:: DATA UNDER STUDY ::
§

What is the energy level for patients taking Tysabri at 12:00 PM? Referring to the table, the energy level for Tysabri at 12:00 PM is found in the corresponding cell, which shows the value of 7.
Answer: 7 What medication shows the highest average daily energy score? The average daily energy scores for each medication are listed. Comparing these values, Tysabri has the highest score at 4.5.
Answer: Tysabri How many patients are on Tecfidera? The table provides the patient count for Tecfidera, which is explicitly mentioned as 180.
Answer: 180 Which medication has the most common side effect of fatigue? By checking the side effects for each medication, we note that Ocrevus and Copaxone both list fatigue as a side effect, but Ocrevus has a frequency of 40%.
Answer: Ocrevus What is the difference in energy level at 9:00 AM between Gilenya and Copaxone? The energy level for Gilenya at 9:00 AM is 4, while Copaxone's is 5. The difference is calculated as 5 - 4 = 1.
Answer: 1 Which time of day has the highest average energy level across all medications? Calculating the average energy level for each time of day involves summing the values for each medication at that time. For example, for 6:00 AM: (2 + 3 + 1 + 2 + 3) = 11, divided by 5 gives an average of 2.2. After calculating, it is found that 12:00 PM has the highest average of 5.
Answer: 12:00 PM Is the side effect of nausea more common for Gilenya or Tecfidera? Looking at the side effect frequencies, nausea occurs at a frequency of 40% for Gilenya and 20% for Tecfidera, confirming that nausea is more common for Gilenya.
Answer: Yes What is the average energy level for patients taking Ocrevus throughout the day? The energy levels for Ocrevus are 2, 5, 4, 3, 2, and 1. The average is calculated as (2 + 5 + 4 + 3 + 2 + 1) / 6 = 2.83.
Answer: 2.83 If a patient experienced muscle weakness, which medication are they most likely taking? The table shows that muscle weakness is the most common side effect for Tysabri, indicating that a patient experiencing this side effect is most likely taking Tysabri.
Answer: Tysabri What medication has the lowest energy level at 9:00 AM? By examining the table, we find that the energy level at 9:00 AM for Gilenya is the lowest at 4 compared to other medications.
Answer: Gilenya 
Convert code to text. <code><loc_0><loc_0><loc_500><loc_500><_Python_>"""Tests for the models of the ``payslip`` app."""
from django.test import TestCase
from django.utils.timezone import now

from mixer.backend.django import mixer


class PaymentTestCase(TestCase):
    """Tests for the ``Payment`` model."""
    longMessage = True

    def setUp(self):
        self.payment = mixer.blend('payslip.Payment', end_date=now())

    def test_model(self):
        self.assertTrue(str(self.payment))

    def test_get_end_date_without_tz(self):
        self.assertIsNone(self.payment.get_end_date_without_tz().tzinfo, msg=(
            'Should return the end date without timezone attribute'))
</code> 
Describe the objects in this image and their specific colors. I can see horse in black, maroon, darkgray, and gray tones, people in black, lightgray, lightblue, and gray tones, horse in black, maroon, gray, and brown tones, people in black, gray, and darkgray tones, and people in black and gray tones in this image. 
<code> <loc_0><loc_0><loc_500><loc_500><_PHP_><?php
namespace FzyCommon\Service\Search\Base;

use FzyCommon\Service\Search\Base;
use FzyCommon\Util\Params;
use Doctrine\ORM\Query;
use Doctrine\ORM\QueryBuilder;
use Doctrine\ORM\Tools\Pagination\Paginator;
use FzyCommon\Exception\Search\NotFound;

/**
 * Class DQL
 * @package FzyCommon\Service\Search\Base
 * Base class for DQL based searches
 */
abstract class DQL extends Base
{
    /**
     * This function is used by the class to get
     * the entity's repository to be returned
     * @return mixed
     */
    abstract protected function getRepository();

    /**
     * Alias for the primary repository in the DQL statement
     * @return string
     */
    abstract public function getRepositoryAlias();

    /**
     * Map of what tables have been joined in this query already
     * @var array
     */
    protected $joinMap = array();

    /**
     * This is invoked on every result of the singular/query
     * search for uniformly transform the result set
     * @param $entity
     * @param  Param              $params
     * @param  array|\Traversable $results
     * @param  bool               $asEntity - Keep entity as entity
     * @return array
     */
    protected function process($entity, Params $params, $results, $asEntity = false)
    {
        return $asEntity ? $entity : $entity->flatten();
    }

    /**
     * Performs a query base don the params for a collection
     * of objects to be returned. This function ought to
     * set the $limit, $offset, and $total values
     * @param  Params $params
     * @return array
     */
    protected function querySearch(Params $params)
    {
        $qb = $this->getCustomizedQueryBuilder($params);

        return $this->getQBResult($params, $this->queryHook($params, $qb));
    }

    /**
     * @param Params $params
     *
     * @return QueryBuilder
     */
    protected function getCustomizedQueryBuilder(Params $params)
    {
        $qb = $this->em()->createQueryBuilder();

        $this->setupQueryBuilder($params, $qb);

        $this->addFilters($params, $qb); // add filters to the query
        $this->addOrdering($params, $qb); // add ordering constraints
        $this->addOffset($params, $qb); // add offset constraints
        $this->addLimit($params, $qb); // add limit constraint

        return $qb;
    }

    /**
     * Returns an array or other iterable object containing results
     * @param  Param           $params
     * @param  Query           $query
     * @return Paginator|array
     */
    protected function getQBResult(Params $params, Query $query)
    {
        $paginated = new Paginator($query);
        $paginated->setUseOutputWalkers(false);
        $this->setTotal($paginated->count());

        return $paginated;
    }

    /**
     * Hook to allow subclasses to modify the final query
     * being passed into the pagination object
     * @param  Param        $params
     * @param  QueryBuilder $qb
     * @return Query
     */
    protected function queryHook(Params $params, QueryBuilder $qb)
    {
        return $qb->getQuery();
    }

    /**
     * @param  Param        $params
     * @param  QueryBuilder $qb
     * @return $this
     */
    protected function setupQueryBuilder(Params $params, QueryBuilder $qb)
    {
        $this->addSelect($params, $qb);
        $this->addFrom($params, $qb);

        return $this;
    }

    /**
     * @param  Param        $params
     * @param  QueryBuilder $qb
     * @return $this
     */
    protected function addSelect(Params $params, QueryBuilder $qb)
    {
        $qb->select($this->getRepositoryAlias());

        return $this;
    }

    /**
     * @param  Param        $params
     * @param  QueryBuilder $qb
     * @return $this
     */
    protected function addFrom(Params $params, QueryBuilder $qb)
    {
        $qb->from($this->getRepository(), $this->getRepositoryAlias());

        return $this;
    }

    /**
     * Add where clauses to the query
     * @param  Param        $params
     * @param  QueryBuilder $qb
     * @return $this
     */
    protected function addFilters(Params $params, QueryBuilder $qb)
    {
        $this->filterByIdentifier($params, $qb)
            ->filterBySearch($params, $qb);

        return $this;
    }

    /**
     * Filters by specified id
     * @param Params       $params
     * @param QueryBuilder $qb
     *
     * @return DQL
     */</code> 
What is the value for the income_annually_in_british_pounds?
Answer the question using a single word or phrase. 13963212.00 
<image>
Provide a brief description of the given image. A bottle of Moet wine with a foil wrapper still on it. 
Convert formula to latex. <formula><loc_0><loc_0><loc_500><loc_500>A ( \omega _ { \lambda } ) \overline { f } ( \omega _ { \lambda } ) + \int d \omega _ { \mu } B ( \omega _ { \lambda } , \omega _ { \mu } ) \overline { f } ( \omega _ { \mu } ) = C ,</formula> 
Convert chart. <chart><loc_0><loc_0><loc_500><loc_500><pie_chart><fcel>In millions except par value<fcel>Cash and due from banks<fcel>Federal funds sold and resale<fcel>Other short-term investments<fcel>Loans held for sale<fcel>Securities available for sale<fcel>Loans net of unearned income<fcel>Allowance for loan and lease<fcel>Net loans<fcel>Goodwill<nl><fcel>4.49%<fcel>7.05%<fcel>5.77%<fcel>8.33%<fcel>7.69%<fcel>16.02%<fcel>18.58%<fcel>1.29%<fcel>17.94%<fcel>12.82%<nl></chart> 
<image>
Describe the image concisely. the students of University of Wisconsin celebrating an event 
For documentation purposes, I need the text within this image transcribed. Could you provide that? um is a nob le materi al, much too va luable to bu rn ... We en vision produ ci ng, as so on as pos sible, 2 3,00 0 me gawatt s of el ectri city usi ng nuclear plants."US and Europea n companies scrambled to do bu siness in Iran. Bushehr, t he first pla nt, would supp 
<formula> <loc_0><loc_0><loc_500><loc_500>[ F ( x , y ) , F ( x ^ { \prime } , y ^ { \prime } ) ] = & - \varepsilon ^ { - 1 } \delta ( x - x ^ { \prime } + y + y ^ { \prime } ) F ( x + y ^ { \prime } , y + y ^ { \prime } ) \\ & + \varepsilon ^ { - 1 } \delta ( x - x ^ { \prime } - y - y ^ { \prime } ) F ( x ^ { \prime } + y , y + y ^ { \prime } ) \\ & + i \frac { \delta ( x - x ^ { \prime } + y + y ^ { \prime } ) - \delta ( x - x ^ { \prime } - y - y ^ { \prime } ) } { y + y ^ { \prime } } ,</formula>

§

:: EXERCISE BRIEF ::
A complete answer gives every line of the records holding "asEntity".

:: THE COMPLETED TASK ::
     * @param  bool               $asEntity - Keep entity as entity
    protected function process($entity, Params $params, $results, $asEntity = false)
        return $asEntity ? $entity : $entity->flatten();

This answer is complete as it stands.